Our solution performs all computation on the mobile device, relying on the cloud storage server only for storage. Cloud gaming, on the other hand, performs all computation on the server, at the expense of bandwidth usage and latency. There is likely a middle ground whereby computation can be divided between the device and the cloud server. This can benefit from the long line of prior work in computation offloading from resource-constrained devices [gordon2012comet, shi2014cosmos, kao2017hermes] but will have to be repurposed due to some domain-specific requirements, including stringent low latency and high degree of dynamism in gameplay.
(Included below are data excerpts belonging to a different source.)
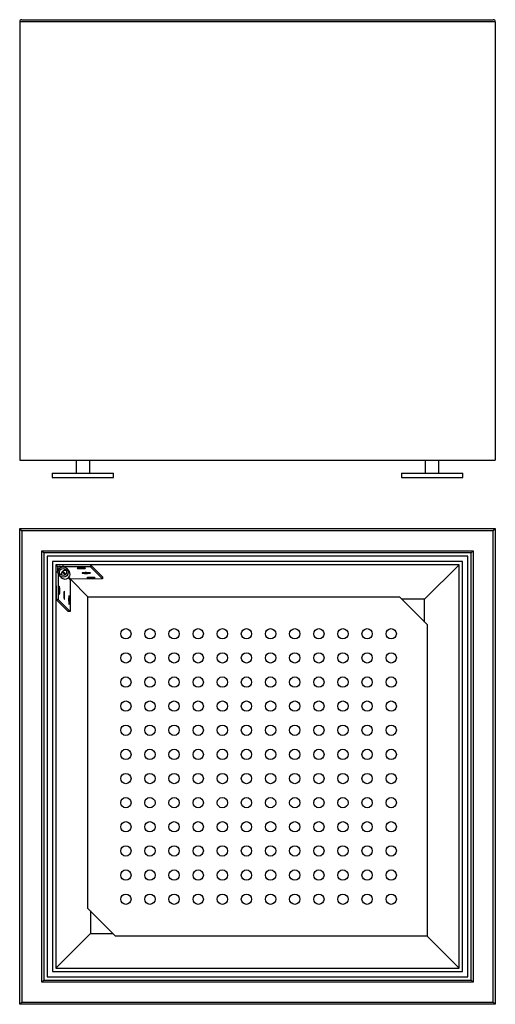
# Model space of a CAD drawing. Header units: millimetres. Extents: x 66 to 1569, y 63 to 1505.
# Tile 1 of 2: x 66 to 756, y 63 to 1491. Entities that reach past the tile are written whole.
import ezdxf

# ---------------------------------------------------------------- set-up
doc = ezdxf.new("R2010")
doc.units = ezdxf.units.MM

msp = doc.modelspace()

# ---------------------------------------------------------------- linework, layer by layer
at = {"color": 7, "linetype": 'Continuous', "lineweight": 25}
for p, q in [((755.981, 1488.35), (65.981, 1488.35)), ((65.981, 1488.35), (65.981, 852.35)), ((68.981, 1491.35), (752.981, 1491.35)), ((755.981, 1488.35), (755.981, 852.35)), ((65.981, 852.35), (755.981, 852.35)), ((147.683, 852.35), (147.683, 833.35)), ((167.683, 833.35), (167.683, 852.35)), ((654.283, 852.35), (654.283, 833.35)), ((674.283, 833.35), (674.283, 852.35)), ((113.183, 833.35), (113.183, 827.35)), ((113.183, 833.35), (157.908, 833.35)), ((157.908, 833.35), (202.183, 833.35)), ((202.183, 827.35), (202.183, 833.35)), ((619.783, 833.35), (619.783, 827.35)), ((619.783, 833.35), (664.508, 833.35)), ((664.508, 833.35), (708.783, 833.35)), ((708.783, 827.35), (708.783, 833.35)), ((113.183, 827.35), (157.908, 827.35)), ((157.908, 827.35), (202.183, 827.35)), ((619.783, 827.35), (664.508, 827.35)), ((664.508, 827.35), (708.783, 827.35)), ((68.981, 750.069), (65.981, 753.069)), ((65.981, 753.069), (755.981, 753.069)), ((65.981, 63.069), (65.981, 753.069)), ((752.981, 750.069), (68.981, 750.069)), ((68.981, 750.069), (68.981, 66.069)), ((752.981, 750.069), (755.981, 753.069)), ((752.981, 66.069), (752.981, 750.069)), ((755.981, 753.069), (755.981, 63.069)), ((97.981, 721.069), (723.981, 721.069)), ((97.981, 95.069), (97.981, 721.069)), ((100.981, 718.069), (97.981, 721.069)), ((720.981, 718.069), (100.981, 718.069)), ((100.981, 718.069), (100.981, 98.069)), ((720.981, 718.069), (723.981, 721.069)), ((720.981, 98.069), (720.981, 718.069)), ((723.981, 721.069), (723.981, 95.069)), ((715.981, 713.069), (105.981, 713.069)), ((105.981, 713.069), (105.981, 103.069)), ((708.481, 705.569), (113.481, 705.569)), ((113.481, 705.569), (113.481, 110.569)), ((121.841, 697.209), (118.5, 700.55)), ((118.5, 700.55), (118.5, 115.588)), ((703.462, 700.55), (118.5, 700.55)), ((128.533, 700.527), (128.533, 697.539)), ((168.729, 700.483), (128.533, 700.527)), ((168.729, 700.483), (168.729, 697.494)), ((168.729, 700.483), (186.094, 683.117)), ((653.462, 650.55), (703.462, 700.55)), ((703.462, 115.588), (703.462, 700.55)), ((708.481, 110.569), (708.481, 705.569)), ((715.981, 103.069), (715.981, 713.069)), ((118.57, 690.49), (121.559, 690.512)), ((118.57, 690.49), (118.918, 650.295)), ((120.741, 694.559), (120.741, 690.506)), ((121.559, 690.512), (121.562, 690.211)), ((121.575, 690.497), (121.559, 690.512)), ((121.566, 689.688), (121.906, 650.317)), ((124.463, 698.309), (128.533, 698.34)), ((128.833, 697.538), (128.533, 697.539)), ((128.533, 697.539), (128.548, 697.523)), ((168.729, 697.494), (129.358, 697.538)), ((136.939, 692.77), (134.334, 695.374)), ((168.729, 697.494), (186.094, 680.129)), ((123.727, 684.768), (126.332, 682.163)), ((139.272, 679.039), (139.272, 632.952)), ((164.981, 654.069), (139.488, 679.562)), ((186.094, 680.129), (140.005, 679.779)), ((186.094, 683.117), (186.094, 680.129)), ((121.906, 650.317), (118.918, 650.295)), ((118.918, 650.295), (136.283, 632.929)), ((121.906, 650.317), (139.272, 632.952)), ((164.981, 654.069), (616.981, 654.069)), ((164.981, 202.069), (164.981, 654.069)), ((616.981, 654.069), (656.981, 614.069)), ((653.462, 650.55), (620.5, 650.55)), ((653.462, 617.588), (653.462, 650.55)), ((139.272, 632.952), (136.283, 632.929)), ((656.981, 614.069), (656.981, 162.069)), ((204.981, 162.069), (164.981, 202.069)), ((168.5, 198.55), (168.5, 165.588)), ((168.5, 165.588), (118.5, 115.588)), ((168.5, 165.588), (201.462, 165.588)), ((656.981, 162.069), (204.981, 162.069)), ((656.981, 162.069), (703.462, 115.588)), ((118.5, 115.588), (703.462, 115.588)), ((105.981, 103.069), (715.981, 103.069)), ((113.481, 110.569), (708.481, 110.569)), ((97.981, 95.069), (100.981, 98.069)), ((723.981, 95.069), (97.981, 95.069)), ((100.981, 98.069), (720.981, 98.069)), ((723.981, 95.069), (720.981, 98.069)), ((65.981, 63.069), (68.981, 66.069)), ((755.981, 63.069), (65.981, 63.069)), ((68.981, 66.069), (752.981, 66.069)), ((755.981, 63.069), (752.981, 66.069))]:
    msp.add_line(p, q, dxfattribs=at)
at = {"color": 8, "linetype": 'Continuous', "lineweight": 25}
for p, q in [((120.741, 694.559), (123.105, 694.577)), ((124.463, 695.949), (124.463, 698.309)), ((127.683, 690.628), (132.193, 686.118)), ((128.414, 691.37), (132.935, 686.849)), ((136.489, 681.822), (139.272, 679.039)), ((137.229, 682.555), (140.005, 679.779))]:
    msp.add_line(p, q, dxfattribs=at)
at = {"color": 7, "linetype": 'Continuous', "lineweight": 25, "flags": 128}
for points in [[(156.043, 695.123), (157.513, 695.151), (158.858, 695.209), (159.993, 695.295), (160.848, 695.403), (161.368, 695.526), (161.52, 695.657), (161.296, 695.786), (160.709, 695.907), (159.795, 696.011), (158.614, 696.092), (157.238, 696.145), (155.754, 696.167), (154.256, 696.155), (152.837, 696.112), (151.587, 696.039), (150.584, 695.941), (149.892, 695.825), (149.553, 695.697), (149.589, 695.566), (149.998, 695.44), (150.754, 695.327), (151.81, 695.233), (153.099, 695.166), (154.54, 695.128), (156.043, 695.123)], [(162.989, 688.177), (164.459, 688.205), (165.804, 688.263), (166.94, 688.349), (167.794, 688.457), (168.314, 688.58), (168.466, 688.711), (168.242, 688.84), (167.655, 688.961), (166.742, 689.065), (165.56, 689.146), (164.184, 689.199), (162.7, 689.221), (161.202, 689.209), (159.783, 689.166), (158.533, 689.093), (157.53, 688.995), (156.838, 688.879), (156.499, 688.751), (156.535, 688.62), (156.944, 688.494), (157.7, 688.381), (158.756, 688.287), (160.045, 688.22), (161.486, 688.182), (162.989, 688.177)], [(169.935, 681.231), (171.405, 681.259), (172.75, 681.317), (173.886, 681.403), (174.74, 681.511), (175.26, 681.634), (175.412, 681.764), (175.188, 681.894), (174.601, 682.015), (173.688, 682.119), (172.506, 682.2), (171.13, 682.253), (169.647, 682.274), (168.148, 682.263), (166.729, 682.22), (165.479, 682.147), (164.477, 682.049), (163.784, 681.933), (163.445, 681.805), (163.481, 681.674), (163.89, 681.548), (164.647, 681.434), (165.702, 681.341), (166.991, 681.273), (168.432, 681.236), (169.935, 681.231)], [(123.122, 664.045), (123.138, 662.542), (123.186, 661.101), (123.263, 659.812), (123.364, 658.756), (123.482, 658), (123.61, 657.591), (123.74, 657.555), (123.865, 657.894), (123.975, 658.586), (124.064, 659.589), (124.127, 660.839), (124.16, 662.258), (124.16, 663.756), (124.127, 665.24), (124.064, 666.616), (123.975, 667.797), (123.865, 668.71), (123.74, 669.297), (123.61, 669.522), (123.482, 669.369), (123.364, 668.85), (123.263, 667.995), (123.186, 666.86), (123.138, 665.515), (123.122, 664.045)], [(130.068, 657.099), (130.084, 655.596), (130.132, 654.155), (130.209, 652.866), (130.31, 651.81), (130.428, 651.054), (130.556, 650.645), (130.687, 650.609), (130.811, 650.947), (130.921, 651.64), (131.01, 652.643), (131.073, 653.893), (131.106, 655.312), (131.106, 656.81), (131.073, 658.294), (131.01, 659.669), (130.921, 660.851), (130.811, 661.764), (130.687, 662.351), (130.556, 662.576), (130.428, 662.423), (130.31, 661.903), (130.209, 661.049), (130.132, 659.914), (130.084, 658.569), (130.068, 657.099)], [(137.014, 650.152), (137.03, 648.65), (137.079, 647.208), (137.155, 645.92), (137.256, 644.864), (137.374, 644.108), (137.502, 643.699), (137.633, 643.663), (137.757, 644.001), (137.867, 644.694), (137.957, 645.697), (138.019, 646.947), (138.052, 648.365), (138.052, 649.864), (138.019, 651.347), (137.957, 652.723), (137.867, 653.905), (137.757, 654.818), (137.633, 655.405), (137.502, 655.63), (137.374, 655.477), (137.256, 654.957), (137.155, 654.103), (137.079, 652.968), (137.03, 651.623), (137.014, 650.152)]]:
    msp.add_lwpolyline(points, dxfattribs=at)
at = {"color": 7, "linetype": 'Continuous', "lineweight": 25}
for centre, radius in [((128.975, 690.065), 7.466), ((128.993, 690.066), 5.076), ((219.981, 600.569), 7.5), ((254.981, 600.569), 7.5), ((289.981, 600.569), 7.5), ((324.981, 600.569), 7.5), ((359.981, 600.569), 7.5), ((394.981, 600.569), 7.5), ((429.981, 600.569), 7.5), ((464.981, 600.569), 7.5), ((499.981, 600.569), 7.5), ((534.981, 600.569), 7.5), ((569.981, 600.569), 7.5), ((604.981, 600.569), 7.5), ((219.981, 565.569), 7.5), ((254.981, 565.569), 7.5), ((289.981, 565.569), 7.5), ((324.981, 565.569), 7.5), ((359.981, 565.569), 7.5), ((394.981, 565.569), 7.5), ((429.981, 565.569), 7.5), ((464.981, 565.569), 7.5), ((499.981, 565.569), 7.5), ((534.981, 565.569), 7.5), ((569.981, 565.569), 7.5), ((604.981, 565.569), 7.5), ((219.981, 530.569), 7.5), ((254.981, 530.569), 7.5), ((289.981, 530.569), 7.5), ((324.981, 530.569), 7.5), ((359.981, 530.569), 7.5), ((394.981, 530.569), 7.5), ((429.981, 530.569), 7.5), ((464.981, 530.569), 7.5), ((499.981, 530.569), 7.5), ((534.981, 530.569), 7.5), ((569.981, 530.569), 7.5), ((604.981, 530.569), 7.5), ((219.981, 495.569), 7.5), ((254.981, 495.569), 7.5), ((289.981, 495.569), 7.5), ((324.981, 495.569), 7.5), ((359.981, 495.569), 7.5), ((394.981, 495.569), 7.5), ((429.981, 495.569), 7.5), ((464.981, 495.569), 7.5), ((499.981, 495.569), 7.5), ((534.981, 495.569), 7.5), ((569.981, 495.569), 7.5), ((604.981, 495.569), 7.5), ((219.981, 460.569), 7.5), ((254.981, 460.569), 7.5), ((289.981, 460.569), 7.5), ((324.981, 460.569), 7.5), ((359.981, 460.569), 7.5), ((394.981, 460.569), 7.5), ((429.981, 460.569), 7.5), ((464.981, 460.569), 7.5), ((499.981, 460.569), 7.5), ((534.981, 460.569), 7.5), ((569.981, 460.569), 7.5), ((604.981, 460.569), 7.5), ((219.981, 425.569), 7.5), ((254.981, 425.569), 7.5), ((289.981, 425.569), 7.5), ((324.981, 425.569), 7.5), ((359.981, 425.569), 7.5), ((394.981, 425.569), 7.5), ((429.981, 425.569), 7.5), ((464.981, 425.569), 7.5), ((499.981, 425.569), 7.5), ((534.981, 425.569), 7.5), ((569.981, 425.569), 7.5), ((604.981, 425.569), 7.5), ((219.981, 390.569), 7.5), ((254.981, 390.569), 7.5), ((289.981, 390.569), 7.5), ((324.981, 390.569), 7.5), ((359.981, 390.569), 7.5), ((394.981, 390.569), 7.5), ((429.981, 390.569), 7.5), ((464.981, 390.569), 7.5), ((499.981, 390.569), 7.5), ((534.981, 390.569), 7.5), ((569.981, 390.569), 7.5), ((604.981, 390.569), 7.5), ((219.981, 355.569), 7.5), ((254.981, 355.569), 7.5), ((289.981, 355.569), 7.5), ((324.981, 355.569), 7.5), ((359.981, 355.569), 7.5), ((394.981, 355.569), 7.5), ((429.981, 355.569), 7.5), ((464.981, 355.569), 7.5), ((499.981, 355.569), 7.5), ((534.981, 355.569), 7.5), ((569.981, 355.569), 7.5), ((604.981, 355.569), 7.5), ((219.981, 320.569), 7.5), ((254.981, 320.569), 7.5), ((289.981, 320.569), 7.5), ((324.981, 320.569), 7.5), ((359.981, 320.569), 7.5), ((394.981, 320.569), 7.5), ((429.981, 320.569), 7.5), ((464.981, 320.569), 7.5), ((499.981, 320.569), 7.5), ((534.981, 320.569), 7.5), ((569.981, 320.569), 7.5), ((604.981, 320.569), 7.5), ((219.981, 285.569), 7.5), ((254.981, 285.569), 7.5), ((289.981, 285.569), 7.5), ((324.981, 285.569), 7.5), ((359.981, 285.569), 7.5), ((394.981, 285.569), 7.5), ((429.981, 285.569), 7.5), ((464.981, 285.569), 7.5), ((499.981, 285.569), 7.5), ((534.981, 285.569), 7.5), ((569.981, 285.569), 7.5), ((604.981, 285.569), 7.5), ((219.981, 250.569), 7.5), ((254.981, 250.569), 7.5), ((289.981, 250.569), 7.5), ((324.981, 250.569), 7.5), ((359.981, 250.569), 7.5), ((394.981, 250.569), 7.5), ((429.981, 250.569), 7.5), ((464.981, 250.569), 7.5), ((499.981, 250.569), 7.5), ((534.981, 250.569), 7.5), ((569.981, 250.569), 7.5), ((604.981, 250.569), 7.5), ((219.981, 215.569), 7.5), ((254.981, 215.569), 7.5), ((289.981, 215.569), 7.5), ((324.981, 215.569), 7.5), ((359.981, 215.569), 7.5), ((394.981, 215.569), 7.5), ((429.981, 215.569), 7.5), ((464.981, 215.569), 7.5), ((499.981, 215.569), 7.5), ((534.981, 215.569), 7.5), ((569.981, 215.569), 7.5), ((604.981, 215.569), 7.5)]:
    msp.add_circle(centre, radius, dxfattribs=at)
for centre, radius, start, end in [((68.981, 1488.35), 3, 90, 180), ((752.981, 1488.35), 3, 0, 90), ((124.497, 694.554), 3.756, 90.507436, 179.924501), ((131.667, 687.435), 5.111, 66.658117, 203.341883), ((131.599, 687.498), 7.503, 270.276084, 44.633433), ((131.572, 687.409), 7.414, 225.03439, 270.492975), ((140.012, 679.038), 0.74, 90.507436, 179.924501)]:
    msp.add_arc(centre, radius, start, end, dxfattribs=at)

doc.saveas('drawing.dxf')

Trace Collection and Model Training. Although AppStreamer will work for all mobile applications without any modification to the applications themselves, it is necessary to collect file access traces from a large number of users to cover most file access patterns. The trace collection system can be built into the operating system itself, and the user can decide whether to contribute to trace collection. For the first version of the application or when the application is updated, the developer may decide to ship it without AppStreamer, or collect the traces privately (e.g., from testers) beforehand. Model training is done by the developer and takes place offline. Parameter optimization can easily be parallelized. We envision that the developer is responsible for trace collection and model training because they should be in control of the user experience of their own application, and the computation is distributed, compared to relying on a single entity.
Technological Advancements. AppStreamer is still relevant even in the face of constantly improving storage capacity on smartphones. As more storage becomes available on smartphones, developers also take advantage of it more resulting in a larger size of the games. With higher screen resolution, artists tend to use more detailed texture and 3D models to improve their games’ visuals.
In addition to reducing storage requirements, AppStreamer also helps reduce application installation time, since only a small part of the application needs to be downloaded before the user can use it, and the rest is downloaded only as needed, just like video streaming.
We set out to see how to reduce the storage pressure caused by resource-hungry applications on mobile devices. We found that mobile games were a significant contributor to the problem. We had the insight that mobile games do not need all the resources all the time. So if it were possible to predict which resources would be needed with enough of a lookahead, then they can be prefetched from a cloud storage server and cached at the device and thus not cause any stall for the user. We achieve this goal through the design of AppStreamer, which uses a Markov Chain to predict which file blocks will be needed in the near future and parametrizes it such that the model can be personalized to different speeds and gameplay styles. We show that for two popular third-party games, AppStreamer reduces the storage requirement significantly (more than 85%) without significantly impacting the end user experience. This approach can also help to reduce the startup delay when an app is being downloaded and installed as well as to reduce stalls with cloud gaming by pre-fetching the required resources.
This material is based in part upon work supported by the National Science Foundation under Grant Numbers CNS-1513197 and CNS-1527262 and gift funding from AT&T. Any opinions, findings, and conclusions or recommendations expressed in this material are those of the authors and do not necessarily reflect the views of the sponsors.